AT&T and other network owners, like AOL Time Warner and
Comcast , have been dragging their feet over open access
since the mid-1990s, when scientists found they could offer another
high-speed Internet option to copper-based digital subscriber line (DSL)
service, this time over the cable network.
From the start, cable companies have said it was technologically
impossible to open up the network to competition, despite the successes
experienced in Canada with its own open access trials. Only last year,
when the FCC threatened to block the merger of America Online, Inc., and
Time Warner, did open access trials begin in earnest.
But the FCC hasn’t come down with a definitive ruling on open access, yet,
other than its stated conditions in the AOL/TW deal, which requires the
second-largest cable operator in the U.S. to open up the network to three
other ISPs in a particular area before AOL does.
According to Michelle Russo, a spokesperson at the FCC’s cable bureau, the
agency started proceedings on the open access debate last September. The
comment period, which ended in January 2001, gave anyone who had an
interest and opinion the chance to be heard.

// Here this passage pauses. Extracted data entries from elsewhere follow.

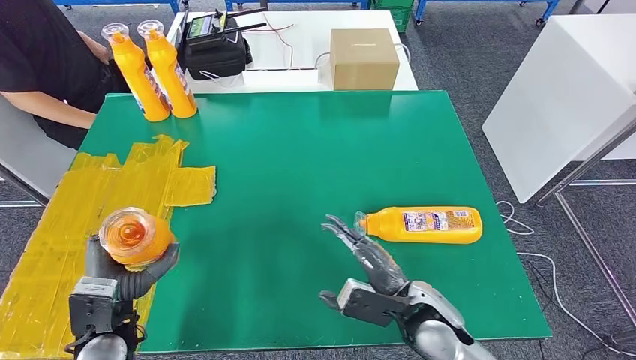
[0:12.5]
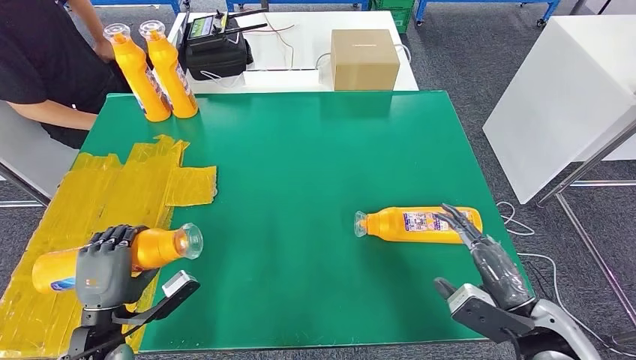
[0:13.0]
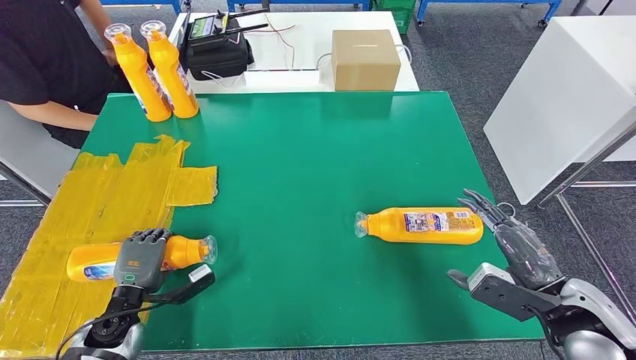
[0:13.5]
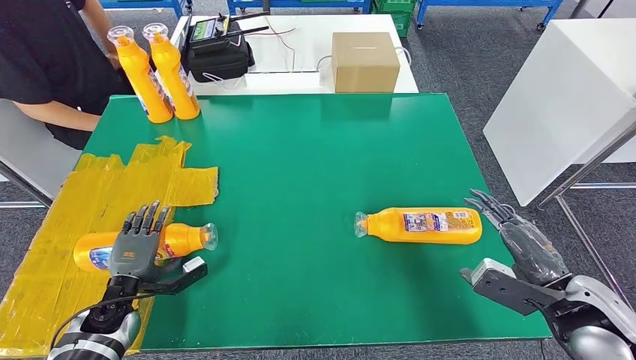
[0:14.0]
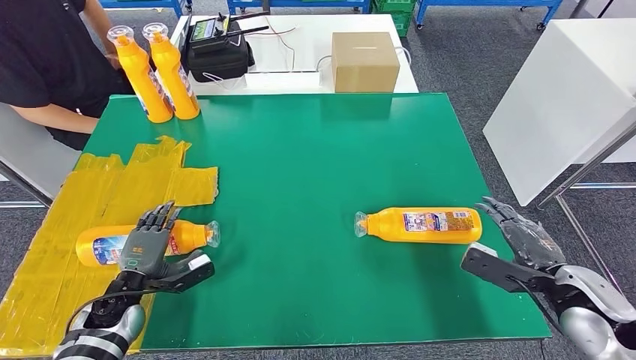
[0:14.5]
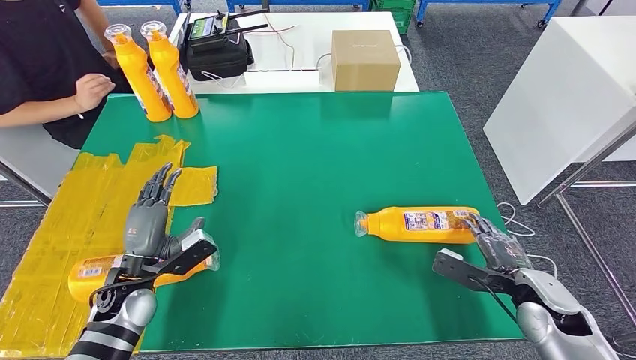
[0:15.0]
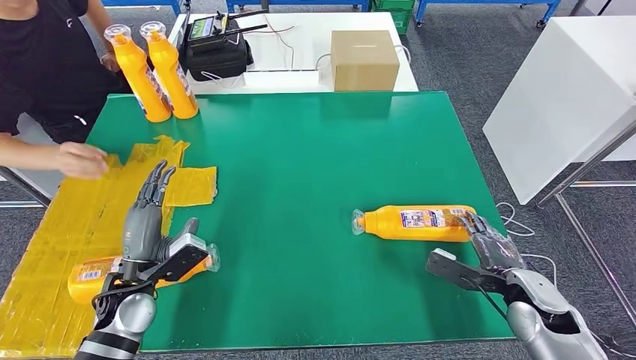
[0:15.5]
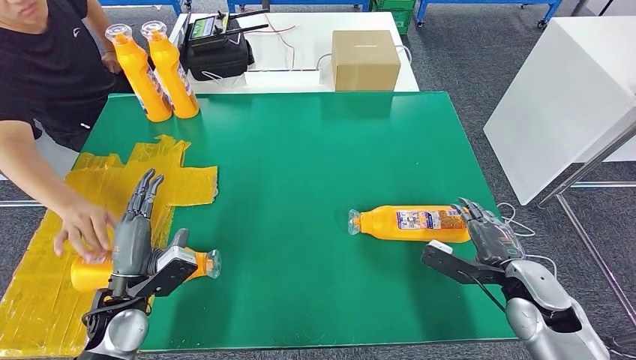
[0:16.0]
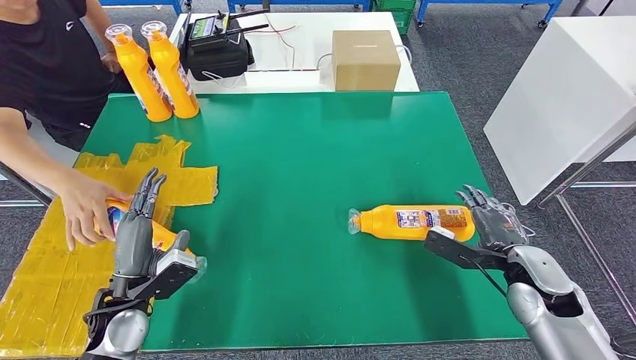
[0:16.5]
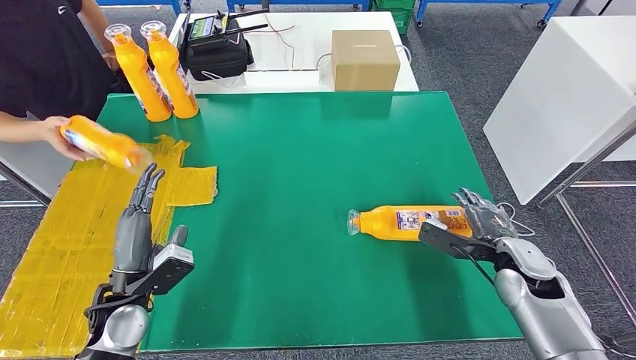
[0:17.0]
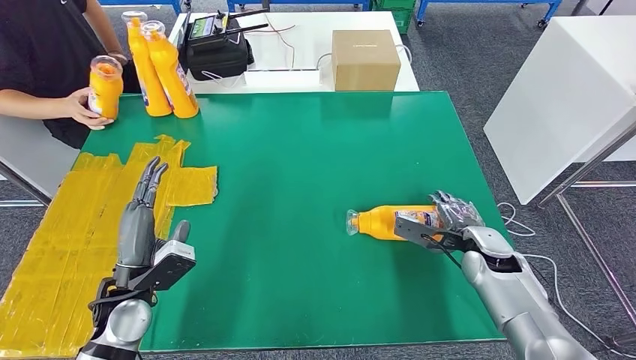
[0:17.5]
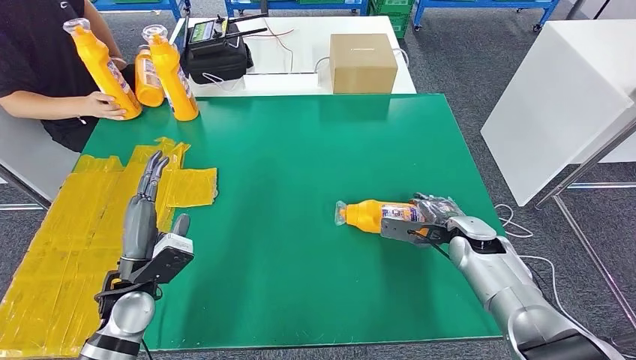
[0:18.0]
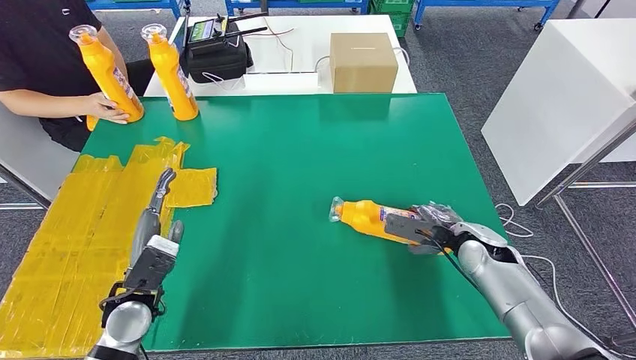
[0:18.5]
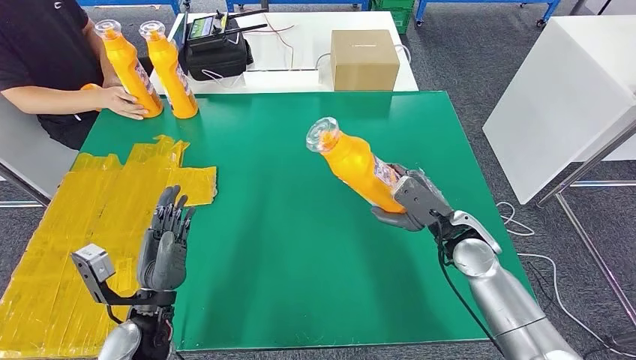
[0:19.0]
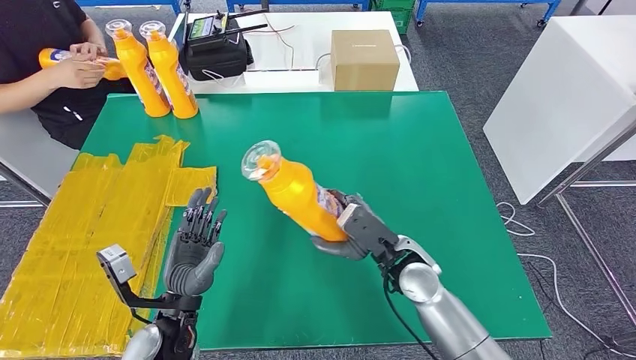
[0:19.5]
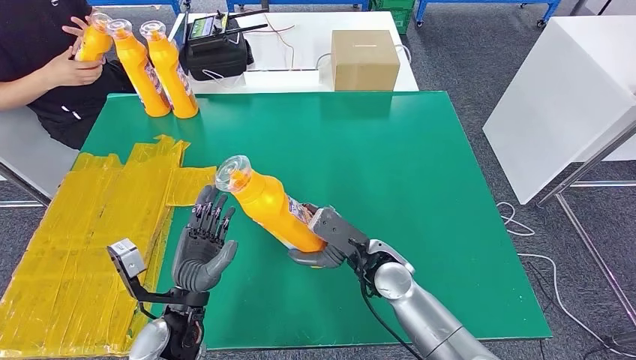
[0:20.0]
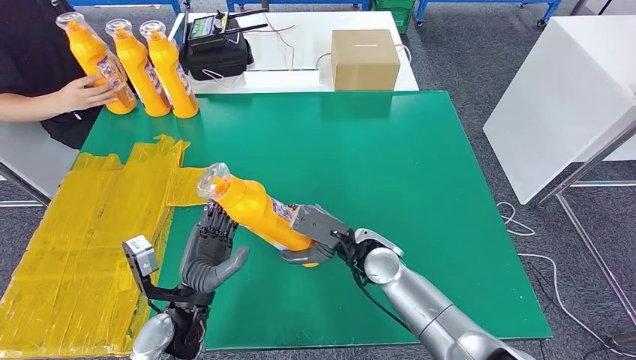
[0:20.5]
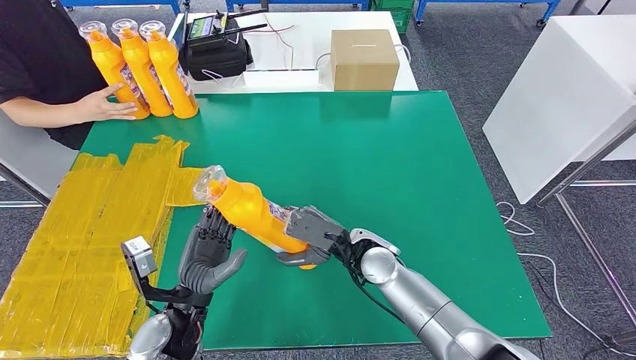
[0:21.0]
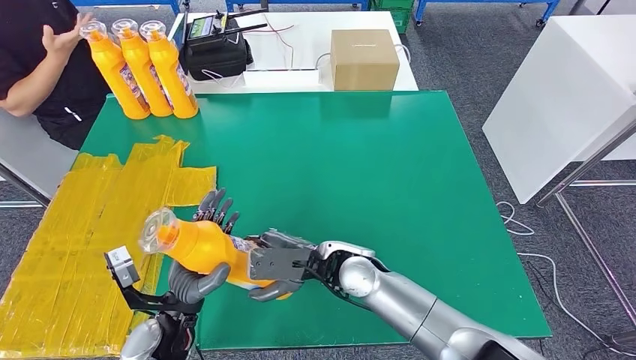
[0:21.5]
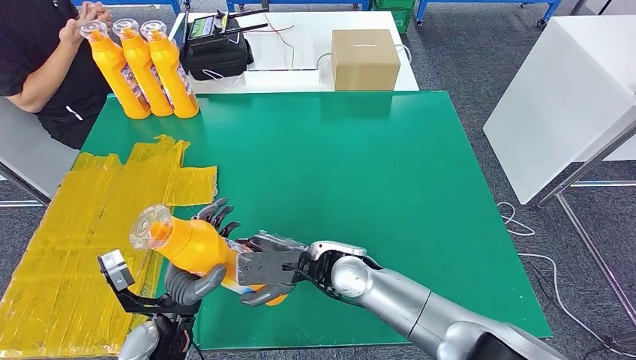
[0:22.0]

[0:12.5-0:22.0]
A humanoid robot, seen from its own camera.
Step, 0:12.5 to 0:16.0: Flip the bottle to face forward.
Step, 0:16.5 to 0:19.5: Pick up the bottle from the table.
0:14.5 to 0:16.5: The right hand ends up approximately 5 cm from where it was. The left hand moves upward and to the right, about 10 cm.
0:20.0 to 0:22.0: The right hand goes about 10 cm to the left.

Seven months later, the FCC is no closer to a decision than it was at the
beginning of the year. “We’re still reviewing the comments,” Russo said.
AT&T, along with AOL/TW and Comcast, has been conducting open access trials
throughout the U.S. this year, but don’t expect to open up access anytime
soon. AT&T doesn’t plan to open up their networks before June of next year.
Strategically speaking, it doesn’t make financial sense for cable owners to
open up their lines any sooner than they have to, since ISPs will then be
able to sign up customers cable owners consider their own. It’s no
coincidence that cable companies refer to the issue as the “forced” access
debate.
Advocates have been trying to use the state courts to force the FCC into
making a decision. A favorable ruling, they hope, would speed up the
timetable to open up the networks. As it stands, AT&T, AOL Time Warner and
Comcast already have a commanding lead over the competition.
AT&T and Comcast, among others, have a big stake in Excite@Home , a cable ISP with 3.2 million subscribers. AOL Time Warner
owns the Road Runner service, which provides high-speed cable access to 1.2
million users. Cox Cable has slightly more than 500,000
subscribers, while Charter Cable and Cablevision
round out the major cable players with more than 300,000 cable
Internet users each.
Not surprisingly, Robert Sachs, president and chief executive officer of
the National Cable & Telecommunications Association (NCTA), the mouthpiece
of the cable industry, was pleased with the decision.
“The Fourth Circuit’s decision in the Henrico case offers the strongest
judicial affirmation yet that public policy decisions regarding cable modem
services are not within the jurisdiction of local governments,” Sachs
said. “(Wednesday’s) court decision will further encourage the rapid
deployment of high-speed cable Internet services to consumers.”